#### Your assignment:
Provide an exact copy of the lines from the beginning of the records through the line that includes "- car (476,266,563,344)", and of no others.

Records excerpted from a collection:
━━━━━━━━━━

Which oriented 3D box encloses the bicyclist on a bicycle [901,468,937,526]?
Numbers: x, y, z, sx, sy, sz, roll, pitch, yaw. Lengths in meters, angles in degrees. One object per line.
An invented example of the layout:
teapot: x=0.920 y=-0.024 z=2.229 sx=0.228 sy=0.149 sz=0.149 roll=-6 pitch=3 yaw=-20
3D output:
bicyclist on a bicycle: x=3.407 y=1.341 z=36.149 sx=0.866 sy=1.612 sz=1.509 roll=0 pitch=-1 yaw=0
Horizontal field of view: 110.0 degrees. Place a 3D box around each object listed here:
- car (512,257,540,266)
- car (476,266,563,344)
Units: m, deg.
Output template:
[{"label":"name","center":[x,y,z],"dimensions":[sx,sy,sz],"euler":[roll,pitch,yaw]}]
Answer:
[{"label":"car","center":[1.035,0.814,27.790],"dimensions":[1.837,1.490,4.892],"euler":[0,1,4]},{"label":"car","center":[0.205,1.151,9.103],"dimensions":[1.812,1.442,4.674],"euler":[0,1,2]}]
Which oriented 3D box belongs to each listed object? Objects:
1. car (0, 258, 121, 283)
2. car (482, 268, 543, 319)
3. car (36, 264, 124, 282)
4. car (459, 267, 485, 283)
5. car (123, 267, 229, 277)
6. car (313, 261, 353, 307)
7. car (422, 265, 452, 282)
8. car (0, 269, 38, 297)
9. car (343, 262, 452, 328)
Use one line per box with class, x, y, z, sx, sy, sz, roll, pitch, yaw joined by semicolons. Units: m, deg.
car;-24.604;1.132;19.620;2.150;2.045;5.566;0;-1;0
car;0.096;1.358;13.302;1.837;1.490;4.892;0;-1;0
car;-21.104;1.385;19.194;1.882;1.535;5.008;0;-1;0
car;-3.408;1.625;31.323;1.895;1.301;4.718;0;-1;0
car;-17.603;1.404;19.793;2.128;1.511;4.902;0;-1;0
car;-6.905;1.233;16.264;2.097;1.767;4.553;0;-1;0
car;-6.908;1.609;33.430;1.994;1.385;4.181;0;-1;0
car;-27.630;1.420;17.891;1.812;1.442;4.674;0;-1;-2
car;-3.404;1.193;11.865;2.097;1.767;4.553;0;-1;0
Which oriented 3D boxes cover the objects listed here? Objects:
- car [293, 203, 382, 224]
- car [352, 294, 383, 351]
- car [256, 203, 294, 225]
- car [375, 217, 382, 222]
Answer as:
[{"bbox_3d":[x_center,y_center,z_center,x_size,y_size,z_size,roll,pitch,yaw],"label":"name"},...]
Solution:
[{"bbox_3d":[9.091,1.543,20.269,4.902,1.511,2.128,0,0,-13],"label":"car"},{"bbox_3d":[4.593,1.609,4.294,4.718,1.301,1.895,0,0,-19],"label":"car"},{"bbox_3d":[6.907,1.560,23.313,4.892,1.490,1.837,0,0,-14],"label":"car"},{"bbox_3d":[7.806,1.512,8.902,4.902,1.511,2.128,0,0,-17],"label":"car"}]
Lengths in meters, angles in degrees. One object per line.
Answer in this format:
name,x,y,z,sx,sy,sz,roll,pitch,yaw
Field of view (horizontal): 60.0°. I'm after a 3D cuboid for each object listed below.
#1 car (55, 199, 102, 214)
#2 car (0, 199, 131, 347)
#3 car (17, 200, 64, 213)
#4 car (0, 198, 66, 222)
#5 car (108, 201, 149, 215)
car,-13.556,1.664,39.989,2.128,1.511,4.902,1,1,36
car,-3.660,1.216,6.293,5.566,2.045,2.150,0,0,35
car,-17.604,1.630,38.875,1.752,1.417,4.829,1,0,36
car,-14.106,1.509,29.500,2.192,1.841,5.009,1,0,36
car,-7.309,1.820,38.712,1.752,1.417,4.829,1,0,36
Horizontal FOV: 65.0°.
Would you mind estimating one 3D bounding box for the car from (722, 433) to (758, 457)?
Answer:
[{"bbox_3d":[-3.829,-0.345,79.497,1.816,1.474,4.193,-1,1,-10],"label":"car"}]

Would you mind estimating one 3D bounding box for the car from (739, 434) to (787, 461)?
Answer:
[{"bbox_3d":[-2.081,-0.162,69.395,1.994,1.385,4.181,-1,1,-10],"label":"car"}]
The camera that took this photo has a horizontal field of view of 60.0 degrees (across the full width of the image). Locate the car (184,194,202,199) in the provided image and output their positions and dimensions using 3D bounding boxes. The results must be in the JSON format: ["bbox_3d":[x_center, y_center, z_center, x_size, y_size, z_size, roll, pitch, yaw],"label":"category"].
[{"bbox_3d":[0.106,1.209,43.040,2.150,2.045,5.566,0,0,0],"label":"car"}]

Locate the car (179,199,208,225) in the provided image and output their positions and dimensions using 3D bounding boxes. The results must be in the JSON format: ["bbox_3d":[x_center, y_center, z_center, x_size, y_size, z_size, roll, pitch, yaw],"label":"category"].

━━━━━━━━━━

#### Exercise solution:
Which oriented 3D box encloses the bicyclist on a bicycle [901,468,937,526]?
Numbers: x, y, z, sx, sy, sz, roll, pitch, yaw. Lengths in meters, angles in degrees. One object per line.
An invented example of the layout:
teapot: x=0.920 y=-0.024 z=2.229 sx=0.228 sy=0.149 sz=0.149 roll=-6 pitch=3 yaw=-20
3D output:
bicyclist on a bicycle: x=3.407 y=1.341 z=36.149 sx=0.866 sy=1.612 sz=1.509 roll=0 pitch=-1 yaw=0
Horizontal field of view: 110.0 degrees. Place a 3D box around each object listed here:
- car (512,257,540,266)
- car (476,266,563,344)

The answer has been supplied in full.